[Data entries]
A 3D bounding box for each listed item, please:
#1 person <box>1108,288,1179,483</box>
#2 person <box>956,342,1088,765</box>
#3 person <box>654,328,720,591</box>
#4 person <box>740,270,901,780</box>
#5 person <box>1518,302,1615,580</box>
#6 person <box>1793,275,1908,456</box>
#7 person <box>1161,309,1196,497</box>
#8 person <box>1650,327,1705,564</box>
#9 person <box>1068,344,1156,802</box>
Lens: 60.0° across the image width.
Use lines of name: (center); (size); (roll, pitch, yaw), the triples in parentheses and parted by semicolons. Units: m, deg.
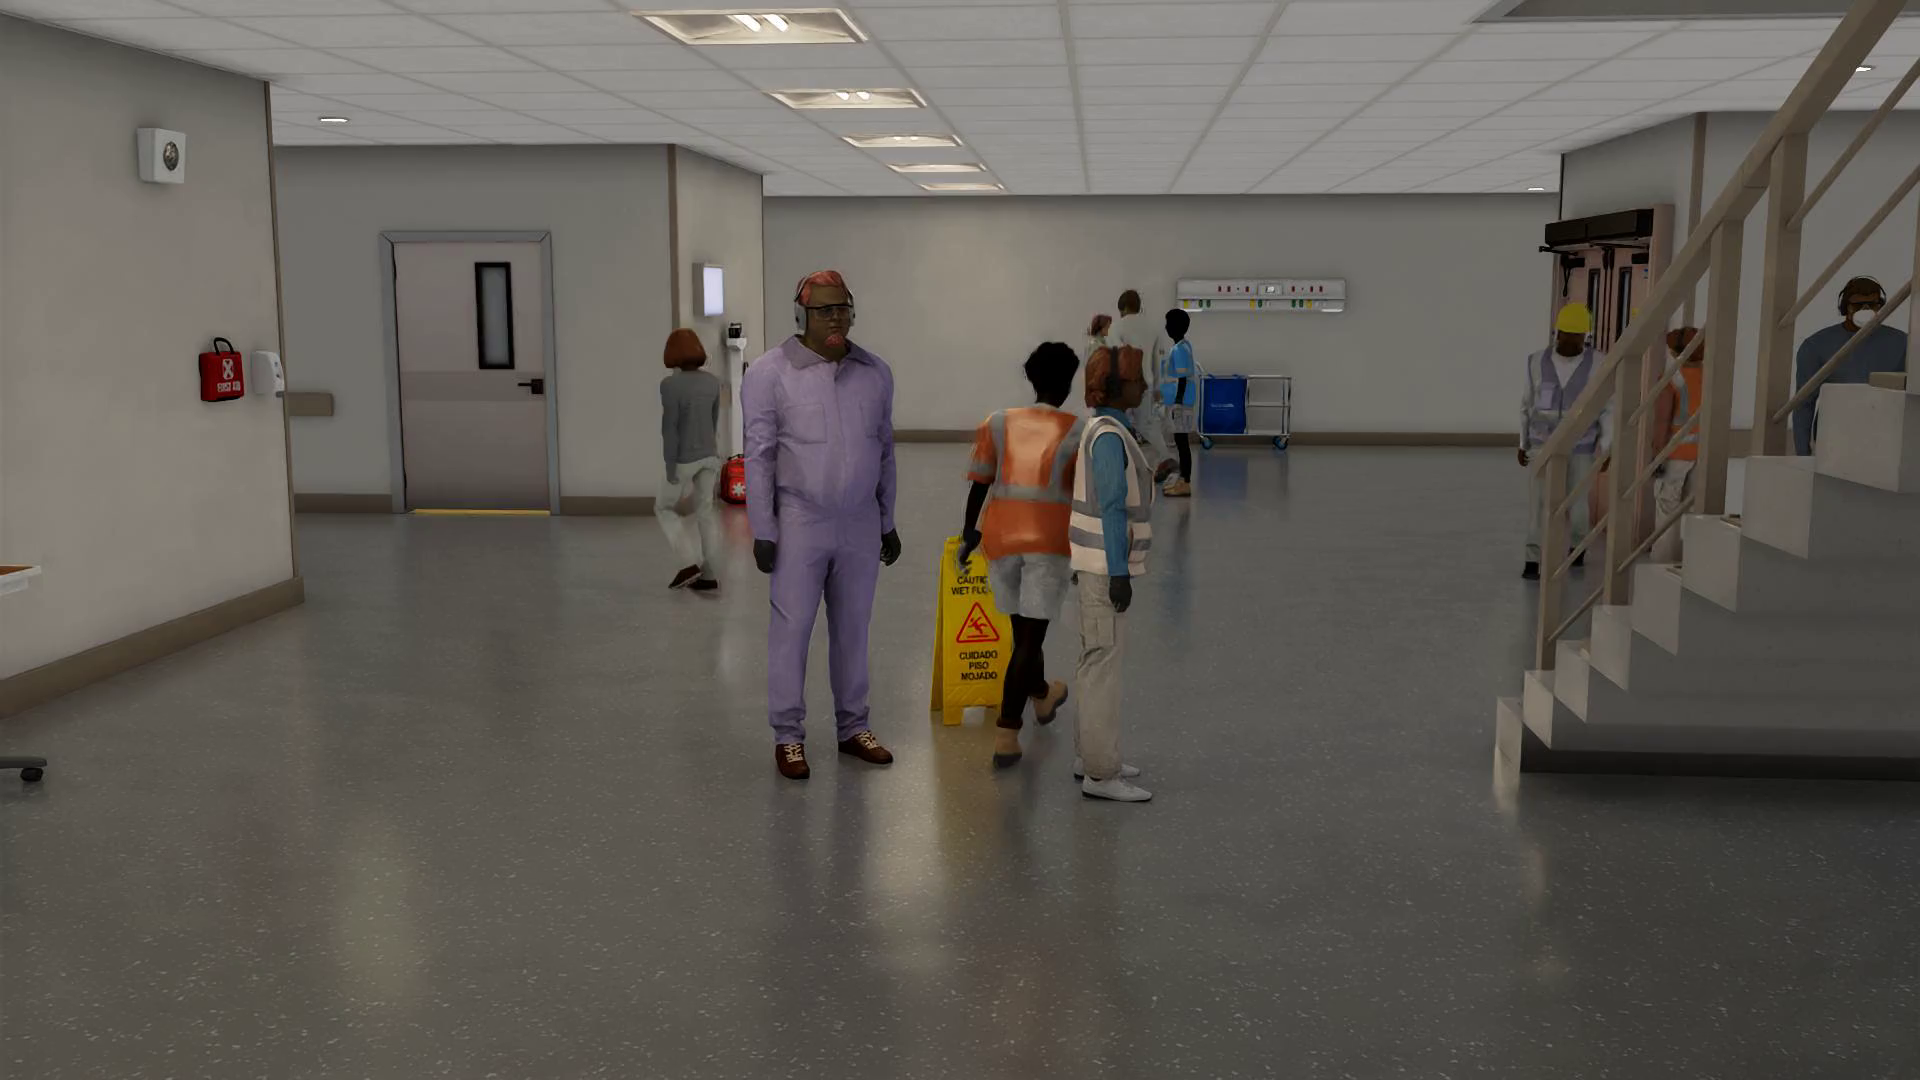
person: (1.735, -1.484, 16.087); (0.668, 1.898, 0.912); (-5, 10, -32)
person: (0.289, 0.028, 6.648); (0.585, 1.624, 0.903); (4, 9, 26)
person: (-1.642, -0.475, 10.157); (0.393, 1.613, 0.505); (7, 11, 38)
person: (-0.504, -0.062, 6.341); (0.641, 1.908, 0.407); (-5, 10, -32)
person: (3.956, -0.657, 10.856); (0.609, 1.780, 0.926); (4, 9, 27)
person: (5.086, -0.534, 9.494); (0.635, 1.928, 0.381); (1, 8, 9)
person: (1.974, -1.238, 15.029); (0.317, 1.698, 0.540); (1, 8, 8)
person: (4.569, -0.534, 10.497); (0.550, 1.622, 0.511); (-3, 9, -19)
person: (0.547, 0.113, 6.044); (0.311, 1.642, 0.514); (0, 8, 0)

Work request
A faithful, complete copy of the records above is required, one that contains no pictures.

Solution to the exercise
A 3D bounding box for each listed item, please:
#1 person <box>1108,288,1179,483</box>
#2 person <box>956,342,1088,765</box>
#3 person <box>654,328,720,591</box>
#4 person <box>740,270,901,780</box>
#5 person <box>1518,302,1615,580</box>
#6 person <box>1793,275,1908,456</box>
#7 person <box>1161,309,1196,497</box>
#8 person <box>1650,327,1705,564</box>
#9 person <box>1068,344,1156,802</box>
Lens: 60.0° across the image width.
Use lines of name: (center); (size); (roll, pitch, yaw), the triples in parentheses and parted by semicolons. Units: m, deg.
person: (1.735, -1.484, 16.087); (0.668, 1.898, 0.912); (-5, 10, -32)
person: (0.289, 0.028, 6.648); (0.585, 1.624, 0.903); (4, 9, 26)
person: (-1.642, -0.475, 10.157); (0.393, 1.613, 0.505); (7, 11, 38)
person: (-0.504, -0.062, 6.341); (0.641, 1.908, 0.407); (-5, 10, -32)
person: (3.956, -0.657, 10.856); (0.609, 1.780, 0.926); (4, 9, 27)
person: (5.086, -0.534, 9.494); (0.635, 1.928, 0.381); (1, 8, 9)
person: (1.974, -1.238, 15.029); (0.317, 1.698, 0.540); (1, 8, 8)
person: (4.569, -0.534, 10.497); (0.550, 1.622, 0.511); (-3, 9, -19)
person: (0.547, 0.113, 6.044); (0.311, 1.642, 0.514); (0, 8, 0)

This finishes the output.